ハルカ達のような立場にはやっかみがつきものだ。ハルカは仕方ないと思いつつも、しっかりとそういった反応をする者たちの顔を確認した。
その者達は一所にまとまっており、全体的に人相が悪く、アウトローな雰囲気を感じるものが多い。確か【悪党の宝】というクランだったはずだ。
「足の速い奴らで大きな音を立てて奴らを集めて、広い場所まで誘導する。そこに魔法使いと強いのを待たせといて殲滅する。こっちから探して歩くより良くねぇ?」
「どうせやるのなら夜が効率的だな。昼間だと確実に視認しないと集まらんが、夜なら物音でも簡単に誘導できる」
イーサンがパタンと本を閉じて顔を上げて話に乗った。悪くない作戦と思ったのかもしれない。
「夜だろ? そんな危険な役目誰がするんだよ。言い出した奴がやってくれるんだろうなぁ? なんせ空飛べる女もいるし、竜まで連れてやがる」
【悪党の宝】の一人がここぞとばかりに口を挟んだ。アルベルトの眉間に皴がよる。
「おー、二級冒険者が怖い顔してるぜ」
さらに煽りを続ける男に、怒声を発しようとしたアルベルトの肩をハルカが軽く叩く。くだらない煽りに乗ってもいいことなどない。舐められたままでいるのも違うが、沢山の人がいる前で、アルベルトの株まで下げる必要はないと思った。
「怖いのなら待ってていいですよ」
静かになってしまった空間に、小さな声で、しかしはっきりと言ったのはモンタナだった。いつもと変わらない顔をしているが、モンタナの視線は一切その男の顔から逸らされない。
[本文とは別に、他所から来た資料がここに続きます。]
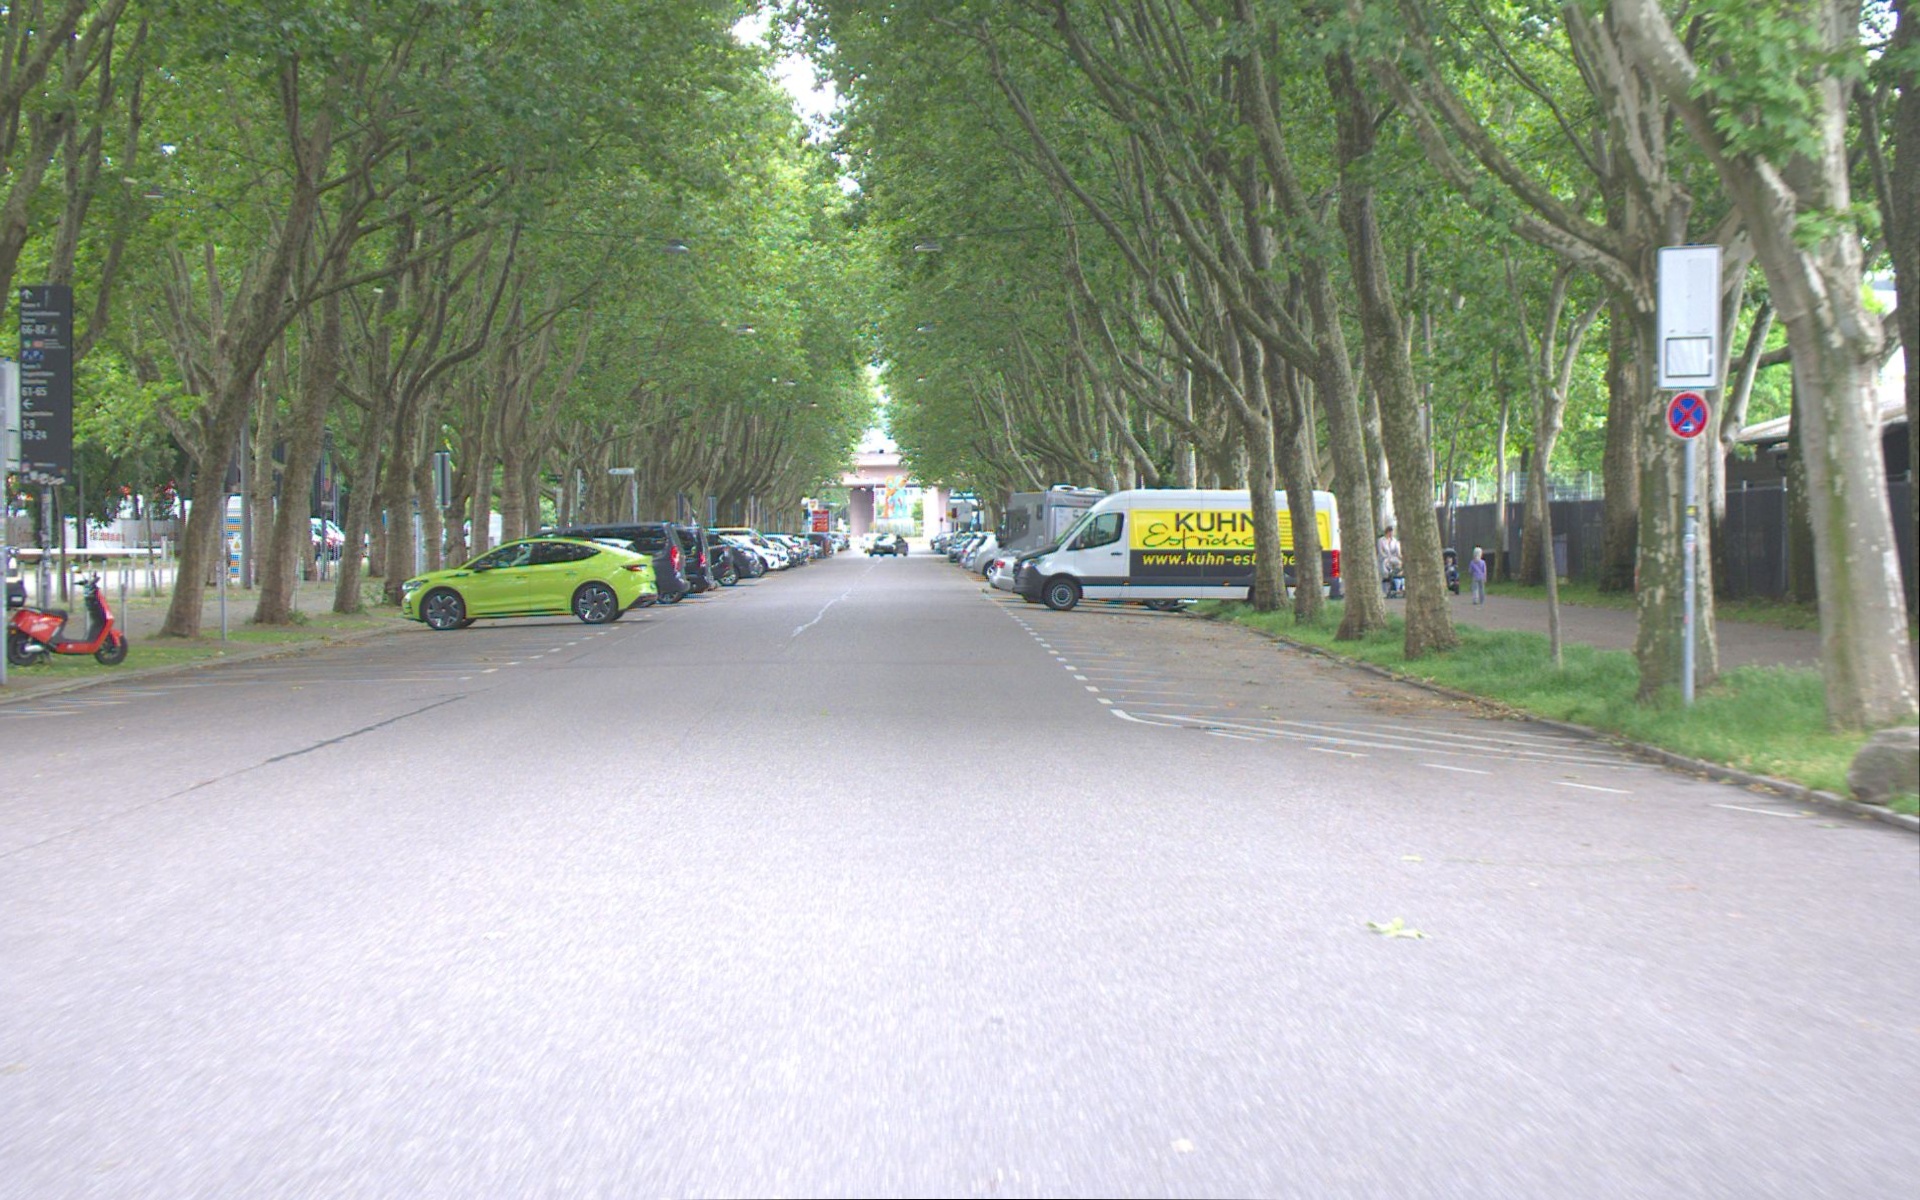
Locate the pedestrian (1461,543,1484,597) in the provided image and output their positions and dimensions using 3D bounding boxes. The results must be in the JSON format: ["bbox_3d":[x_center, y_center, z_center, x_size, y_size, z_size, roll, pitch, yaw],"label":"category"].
[{"bbox_3d":[10.300,-0.603,69.099,0.395,1.080,0.419,-2,1,3],"label":"pedestrian"}]

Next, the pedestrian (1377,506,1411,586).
[{"bbox_3d":[9.616,-1.202,76.260,0.639,1.735,0.621,-2,1,3],"label":"pedestrian"}]

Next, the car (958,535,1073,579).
[{"bbox_3d":[2.049,-1.586,126.712,4.119,1.424,1.703,3,0,1],"label":"car"}]

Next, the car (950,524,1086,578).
[{"bbox_3d":[1.912,-1.607,111.776,4.340,1.612,1.803,2,1,2],"label":"car"}]

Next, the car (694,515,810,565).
[{"bbox_3d":[-9.021,-2.595,149.365,4.893,2.012,1.920,-2,1,-1],"label":"car"}]

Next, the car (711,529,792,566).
[{"bbox_3d":[-10.079,-2.542,166.074,3.826,1.622,1.953,-2,1,-3],"label":"car"}]

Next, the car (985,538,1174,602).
[{"bbox_3d":[2.806,-0.707,80.431,4.359,1.440,1.612,1,1,3],"label":"car"}]

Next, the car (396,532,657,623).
[{"bbox_3d":[-7.911,-0.427,62.972,4.516,1.612,1.758,0,1,2],"label":"car"}]

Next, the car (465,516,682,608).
[{"bbox_3d":[-8.726,-0.866,77.856,4.761,1.917,2.018,-2,1,-5],"label":"car"}]

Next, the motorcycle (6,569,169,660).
[{"bbox_3d":[-11.376,0.182,44.878,0.574,1.154,2.072,1,1,42],"label":"motorcycle"}]

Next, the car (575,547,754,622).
[{"bbox_3d":[-9.236,-0.503,107.887,5.435,2.120,1.940,-2,2,-2],"label":"car"}]

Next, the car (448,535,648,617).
[{"bbox_3d":[-8.711,-0.523,73.016,4.104,1.563,1.758,-2,1,-5],"label":"car"}]

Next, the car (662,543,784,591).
[{"bbox_3d":[-8.694,-1.219,126.390,4.379,1.591,2.000,-2,1,-2],"label":"car"}]

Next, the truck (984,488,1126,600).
[{"bbox_3d":[2.524,-1.536,94.198,2.458,2.927,7.540,1,1,-9],"label":"truck"}]

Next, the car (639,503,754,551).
[{"bbox_3d":[-10.284,-2.845,134.289,4.340,1.662,2.000,-3,1,-2],"label":"car"}]

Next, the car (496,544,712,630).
[{"bbox_3d":[-8.525,-0.326,82.714,4.905,1.917,2.208,-2,1,0],"label":"car"}]

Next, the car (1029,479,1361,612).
[{"bbox_3d":[4.932,-1.153,72.897,6.881,2.686,2.127,1,1,1],"label":"car"}]

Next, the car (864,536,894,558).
[{"bbox_3d":[-5.283,-3.434,224.085,1.654,1.359,4.113,-3,1,-4],"label":"car"}]

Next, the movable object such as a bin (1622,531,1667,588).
[{"bbox_3d":[12.158,-0.723,61.049,0.568,0.956,0.675,-5,1,-1],"label":"movable object such as a bin"}]

これはもしかして怒っているんじゃないかと、ハルカはモンタナの横顔を見つめた。
「んなこと言ってねぇだろうが。お前らこそ口ばっかりじゃねぇだろうな」
「私たちだってやらないなんて言ってないけど。提案したからには当然作戦の要になれるように動くつもりだし。その方が評価高いんだからさ。そっちが自信がなくて辞退してくれるなら、競争相手が減ってよかった」
さらにぺらぺらと喋り続けようとしたコリンに、男が拳を握り歯を剥いた。
「舐めやがってクソガキ共が。オランズで俺たちに……」
「やめろ」
矢面に立っていた男が、後ろから蹴り飛ばされて地面に転がった。突然の暴挙だったというのに、蹴られた男は口答えを一切せずに、鼻血を垂らしたまま起き上がる。口をしっかりつぐんで、服についた汚れを払う。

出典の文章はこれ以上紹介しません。